Skint and Demoralised: This Sporting Life 
Release date: March 12, 2012
Label: Heist Or Hit Records
Listen: http://soundcloud.com/heistorhitrecords/sets/skint-demoralised-this/s-lb6zs

"Wakefield’s most articulate street poet finds the romance beneath the realism"NME
"Joyously unapologetic Northern romp"Steve Lamacq, BBC 6 Music
"Uncannily memorable, chirpy, cheeky, loveable sensitive-geezer soul-rap ditties"Guardian
"Reminiscent of early The Streets, with nods to Squeeze, The Jam and Northern Soul"The Times

When Yorkshire performance poet Skint & Demoralised (Matt Abbott) signed with Mercury in 2008 the debut album, ‘Love & Other Catastrophes’, drew incredible support from press and radio alike. Featured as Q’s Next Big Thing, the accolades flooded in from Clash, The Independent, Sunday Times Culture and The Guardian, while radio support for the single Red Lipstick followed from Sara Cox, Zane Lowe, Colin Murray, Huw Stephens, Steve Lamacq, Nick Grimshaw, Annie Mac, Dermot O'Leary, Janice Long, and Chris Moyles. 

As a poet first and foremost, lyricist second, and front-man third, it’s logical that TSL would absorb some of John Cooper Clarke’s charismatically uncouth, humorous and honest musings on life and British culture. When Abbott initially made the transition to performance poet, it presented a multitude of opportunities to be counted as a musical act, and so lyricists like Bob Dylan, Jim Morrison, Shane MacGowan, Morrissey, Billy Bragg, Guy Garvey, Leonard Cohen, Johnny Cash, all helped to shape the Skint & Demoralised sound.

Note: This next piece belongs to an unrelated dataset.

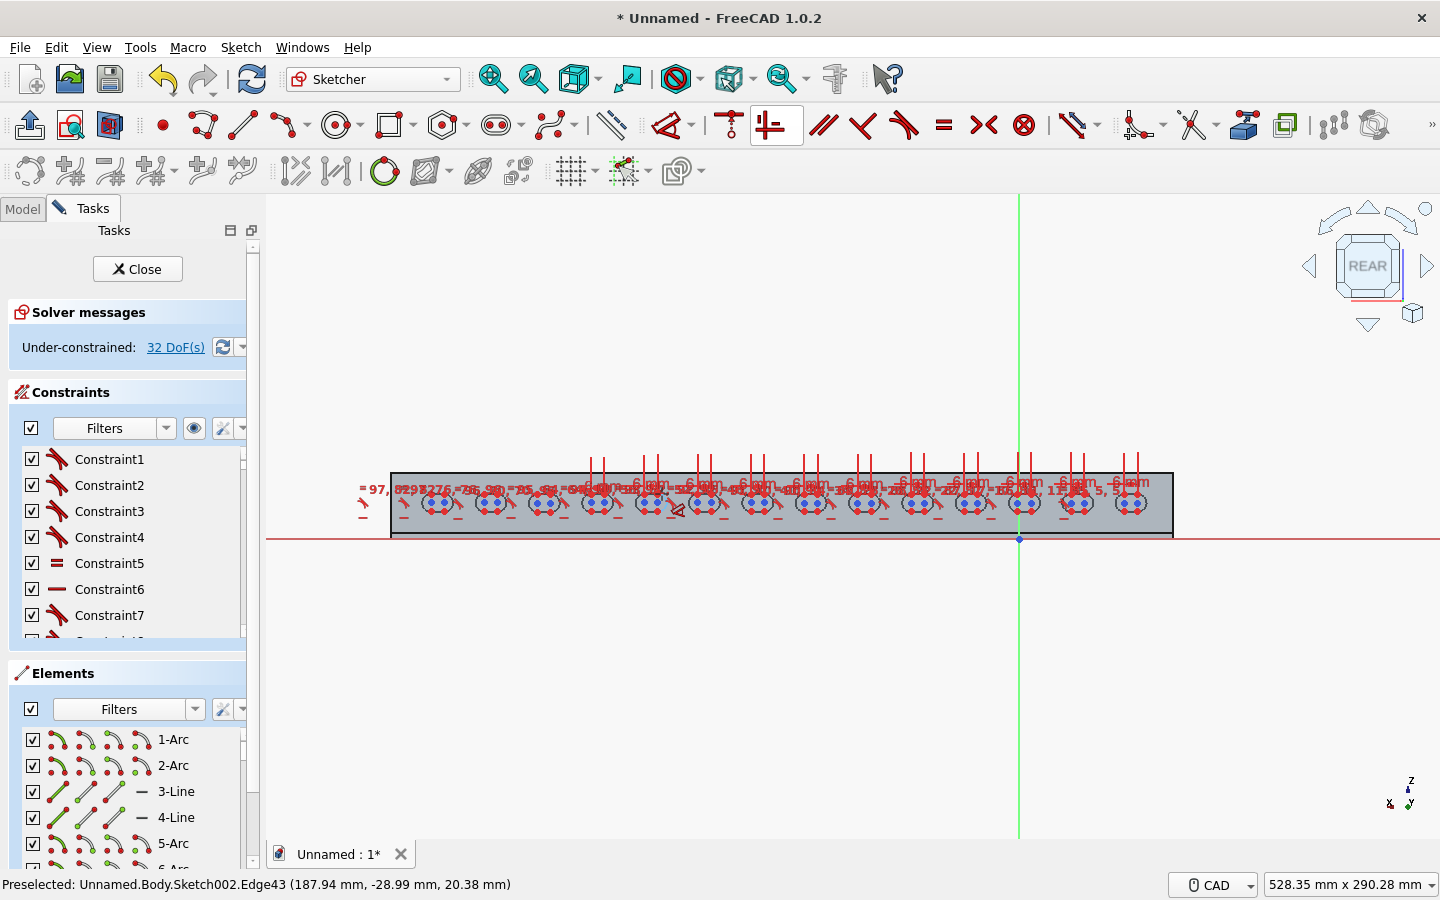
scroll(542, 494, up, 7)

This Sporting Life is a record owing more to cinematic and literary sources than musical ones. However, the band’s mutual love for The Pogues was behind ‘The Lonely Hearts of England’ and Abbott’s obsession with Johnny Cash and Bob Dylan inspired ‘Maria, Full of Grace’.
Lead single ‘All The Rest Is Propaganda’ is a famous quote from Alan Sillitoe’s novel ‘Saturday Night and Sunday Morning’. Lyrically it aims to capture first of all the uncertainty and insecurity, and then second of all the untouchable joy, of a new relationship.

Just as the album title suggests, inspiration for This Sporting Life’s lyrical themes stem from the British new wave of cinema in the early 60s; ‘kitchen-sink’ dramas that were based in typically grim Northern towns, documenting the classic “angry young man” character and focusing on romance, social politics, coming-of-age and the general struggles of young working class people. Films such as ‘Saturday Night and Sunday Morning’, ‘A Taste of Honey’, ‘Room at the Top’, ‘A Kind of Loving’ and of course ‘This Sporting Life’ captivated Abbott as he rebuilt the Skint & Demoralised band set-up. Just as these features captured the universal simplicity of British working class life, and the poignancy of the relationships between the characters, Abbott’s own story-telling styles re-imagine this important legacy, making This Sporting Life feel like a tapestry depiction of the British every-man’s collective mentality. 

"The themes touched upon in the likes of 'Saturday Night and Sunday Morning' and 'A Taste of Honey' are as relevant now as they were when they were written in the late 1950s, and it's these themes that I love to try and replicate. No matter how politics and technology changes, these are the issues that will continue to dominate our lives for another 50 years to come”.

ith Abbott taking this approach, TSL has every chance of standing the test of time as well.